Wolfgang Petersen, director of 'Neverending Story,' 'Outbreak,' 'Troy,' dies of cancer

Star director Wolfgang Petersen has died of cancer
Childhood in Germany
Drama and film studies
'Tatort' on German television
Scandal surrounding his first feature film
Breakthrough: 'Das Boot'
The Neverending Story (1984)
Enemy Mine (1985)
Beginnings in Hollywood
Shattered (1991)
In the Line of Fire (1993)
Outbreak (1995)
Air Force One (1997)
Troy (2004)
Poseidon (2006)
Success and fame
He was active into his 80s
A 'neverending' legacy
Star director Wolfgang Petersen has died of cancer

Hollywood director Wolfgang Petersen has died of pancreatic cancer on Friday, August 12. He was 81 years old and surrounded by his family when he passed away in Los Angeles, his assistant confirmed to DPA. 

Childhood in Germany

When Petersen was born in 1941, his father was a naval officer on the German side in World War II. After the war, in high school, he began practicing film with his 8mm camera. 

Drama and film studies

Petersen directed plays during and after his theater studies in the 1960s. He also attended the German Film and Television Academy. From 1971, the director made crime drama series, a TV film, and screenplays for several other German TV productions. 

'Tatort' on German television

The director made episodes for 'Tatort' ('Crime Scene,') the most popular crime drama in Germany. One of his episodes became the second-most successful chapter of the Sunday detective to date.

Scandal surrounding his first feature film

On German television he was considered one of the most innovative German directors of the time. On the big screen, he caused a controversy in 1977 by making a film about the love between two men. Its title was 'The Consequence.'

Breakthrough: 'Das Boot'

In 1980, Petersen directed the large-scale production 'Das Boot,' a World War II drama about the German navy. It would become the most successful foreign-language film in the US up to that point. 

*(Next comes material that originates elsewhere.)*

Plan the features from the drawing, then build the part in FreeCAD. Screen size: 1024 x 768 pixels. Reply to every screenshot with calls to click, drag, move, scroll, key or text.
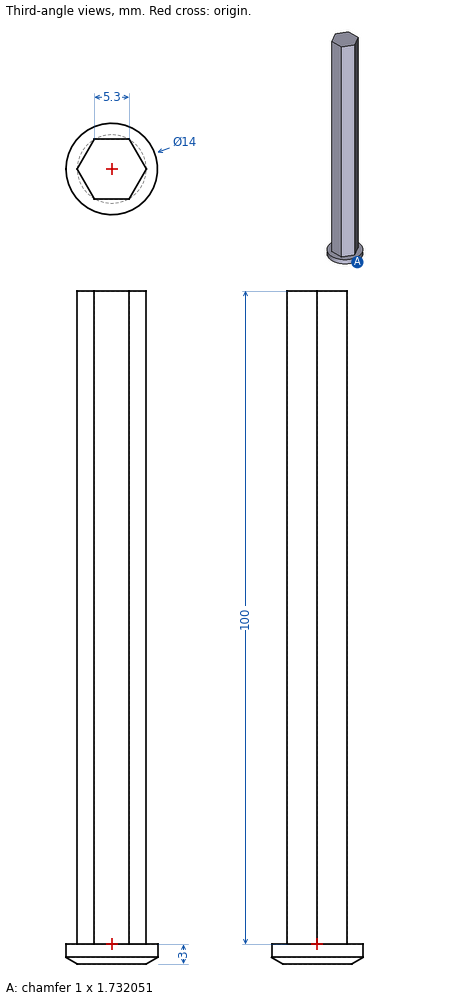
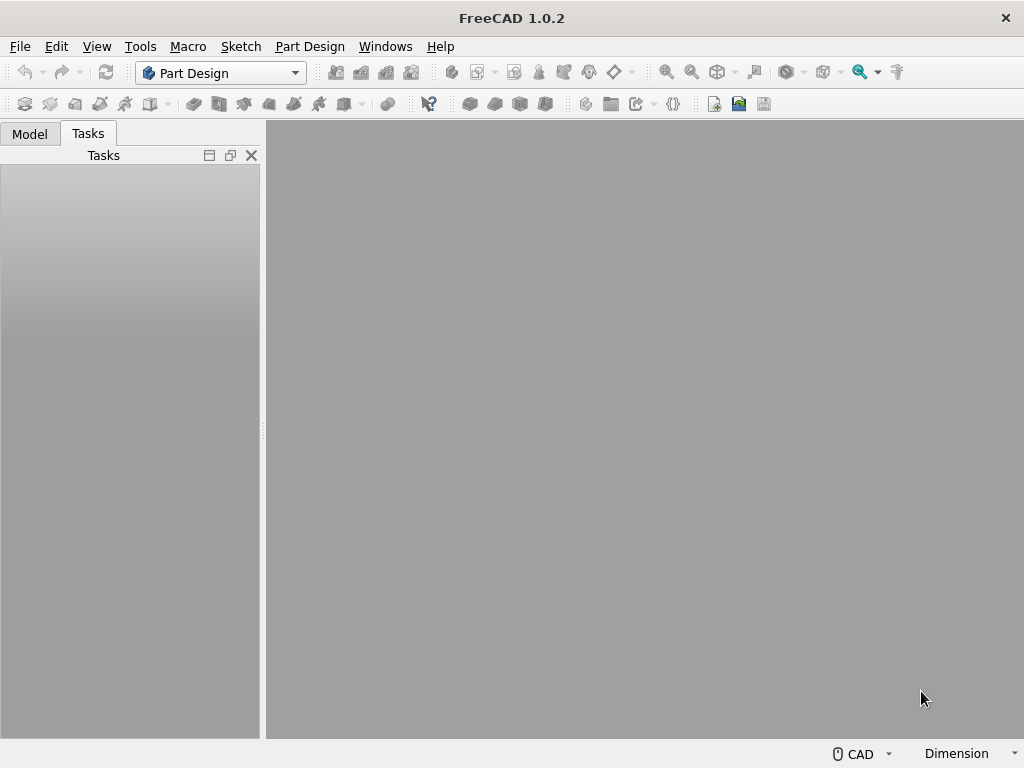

Read about other German films with international success

The Neverending Story (1984)

Another big project, in English this time, was 'The Neverending Story.' Petersen's film adaptation of Michael Ende's novel would be the most expensive post-war production so far. 

Enemy Mine (1985)

Petersen was enthusiastic about fantasy and science fiction. One of his next projects was 'Enemy Mine' with Dennis Quaid and Louis Gossett Jr. He shot the film in Bavaria, but it would be the last one he would make in Germany for a long time. 

Beginnings in Hollywood

In 1986, Petersen, who never made a secret of his enthusiasm for America, moved to Los Angeles. Together with producer Gail Katz he internationalized his production company Radiant Film and made several blockbusters for the international market.

Shattered (1991)

After a few difficult years getting started in Hollywood, Petersen got his first hit with the thriller 'Shattered.' It featured Tom Berenger and Bob Hoskins.

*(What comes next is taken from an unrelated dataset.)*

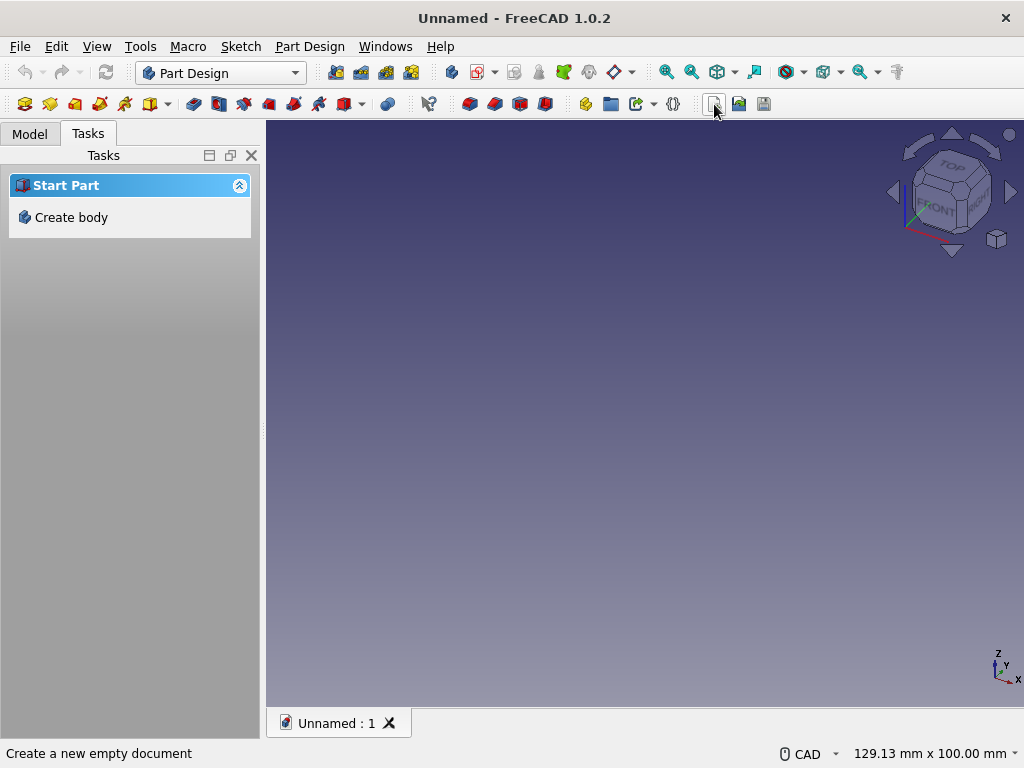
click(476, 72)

In the Line of Fire (1993)

In the 1990s, Petersen was at the peak of his career. He made the well-received 'In the Line of Fire' with Clint Eastwood (photo) and John Malkovich. Reportedly, the two actors were his personal favorites for the roles of the good and the bad guy, respectively. 

Outbreak (1995)

Petersen's disaster film 'Outbreak' has been referred to several times in the past pandemic years. Dustin Hoffman starred as a virologist anxiously trying to curb the spread of a new virus. At the time of the movie's release, Zaire was dealing with an Ebola epidemic. 

Air Force One (1997)

Petersen's action blockbuster 'Air Force One' with Gary Oldman and Harrison Ford was not as well received in Europe as in the US. Critics from his home country considered it "too American." The Deutsche Welle cited screenwriter Michael Haneke in saying the film was a "nasty propaganda hodgepodge."

Troy (2004)

With the historical film 'Troy', Wolfgang Petersen broke another budget record. The 162-minute film starring Brad Pitt cost around 175 million US dollars. Another version, another 40 minutes longer than the original, was released three years later.

Poseidon (2006)

Petersen last Hollywood production would be a remake of the 1972 disaster movie 'Poseidon,' about a catastrophic ship wreck. The film did not have much success; film chronicles describe it as "hectic and overloaded." After the sinking ship, Wolfgang Petersen took a creative break.

Success and fame

Overall, Petersen was a successful director with fans all over the world. Some of his films grossed over $100 million each. The nomination for an Oscar had come early in his career, in 1981 for 'Das Boot.'

He was active into his 80s

Petersen's death came as a surprise to the film world. Until the end he seemed to be healthy and was creatively active. Just a year before his death, the director said in a DPA interview that he would like to get much older than 80. He still had new film and television projects in the pipeline.

A 'neverending' legacy

For now, Wolfgang Petersen leaves behind his wife, son, two grandchildren and a 'neverending' film legacy.